Though the records contain pictures, copy none of them; repeat exactly the lines from the one with "rotation = 12, 37, 18" to the end.

[Records drawn from a dataset]
-- Opening Marker --

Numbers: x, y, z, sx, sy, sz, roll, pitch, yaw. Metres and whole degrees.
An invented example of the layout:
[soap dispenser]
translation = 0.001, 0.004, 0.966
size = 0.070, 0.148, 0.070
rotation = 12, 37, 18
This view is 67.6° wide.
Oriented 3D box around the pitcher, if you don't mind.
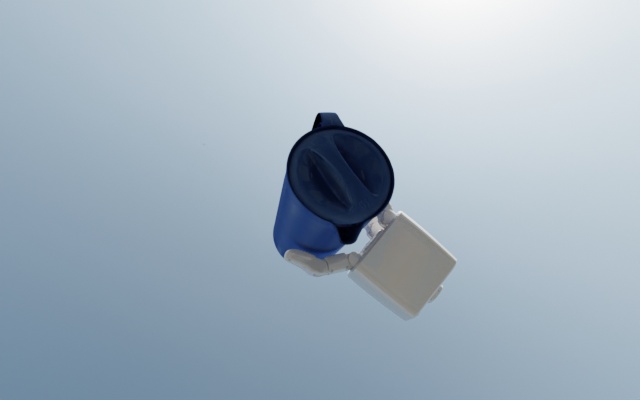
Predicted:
[pitcher]
translation = 0.000, 0.002, 0.672
size = 0.145, 0.149, 0.243
rotation = 38, -26, 4
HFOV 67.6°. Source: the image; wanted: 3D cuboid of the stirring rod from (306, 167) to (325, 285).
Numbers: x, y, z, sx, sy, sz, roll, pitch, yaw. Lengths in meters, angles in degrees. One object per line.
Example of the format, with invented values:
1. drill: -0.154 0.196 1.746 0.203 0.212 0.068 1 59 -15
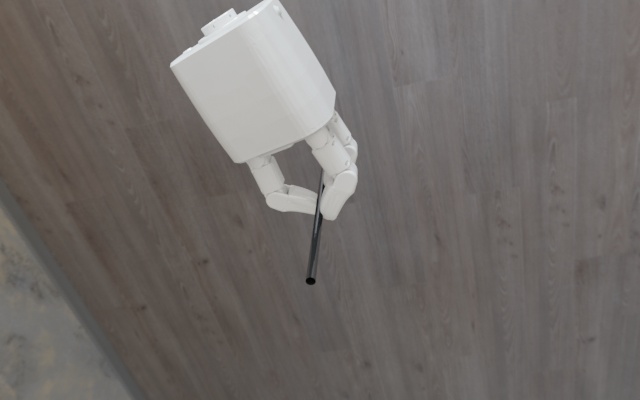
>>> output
1. stirring rod: 0.000 0.001 0.476 0.011 0.011 0.239 0 31 4
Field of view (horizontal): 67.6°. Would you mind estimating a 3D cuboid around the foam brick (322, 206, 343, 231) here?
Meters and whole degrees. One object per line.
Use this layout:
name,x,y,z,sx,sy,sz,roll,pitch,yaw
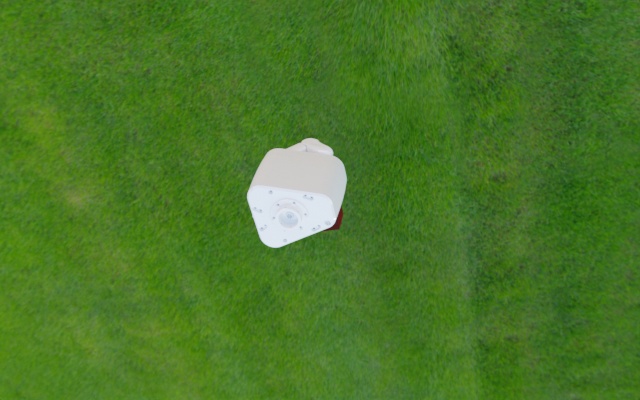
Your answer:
foam brick,0.000,0.003,0.721,0.053,0.078,0.051,-7,29,13
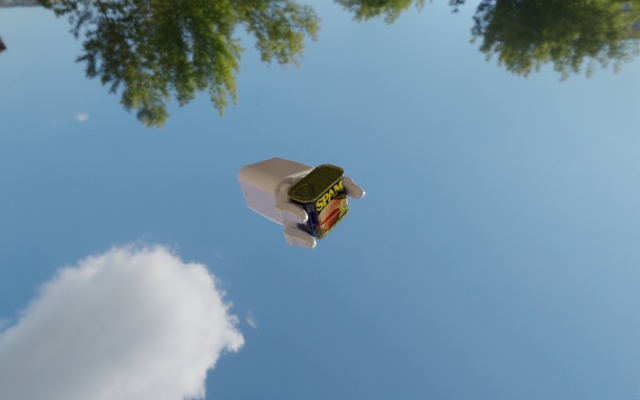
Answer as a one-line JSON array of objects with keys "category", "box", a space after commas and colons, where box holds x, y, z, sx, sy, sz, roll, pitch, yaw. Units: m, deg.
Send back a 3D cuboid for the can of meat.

-- Closing Marker --

:: Response to this exercise ::
rotation = 12, 37, 18
This view is 67.6° wide.
Oriented 3D box around the pitcher, if you don't mind.
Predicted:
[pitcher]
translation = 0.000, 0.002, 0.672
size = 0.145, 0.149, 0.243
rotation = 38, -26, 4
HFOV 67.6°. Source: the image; wanted: 3D cuboid of the stirring rod from (306, 167) to (325, 285).
Numbers: x, y, z, sx, sy, sz, roll, pitch, yaw. Lengths in meters, angles in degrees. One object per line.
Example of the format, with invented values:
1. drill: -0.154 0.196 1.746 0.203 0.212 0.068 1 59 -15
>>> output
1. stirring rod: 0.000 0.001 0.476 0.011 0.011 0.239 0 31 4
Field of view (horizontal): 67.6°. Would you mind estimating a 3D cuboid around the foam brick (322, 206, 343, 231) here?
Meters and whole degrees. One object per line.
Use this layout:
name,x,y,z,sx,sy,sz,roll,pitch,yaw
Your answer:
foam brick,0.000,0.003,0.721,0.053,0.078,0.051,-7,29,13
Answer as a one-line JSON array of objects with keys "category", "box", a space after commas and colons, where box holds x, y, z, sx, sy, sz, roll, pitch, yaw. Units: m, deg.
Send back a 3D cuboid for the can of meat.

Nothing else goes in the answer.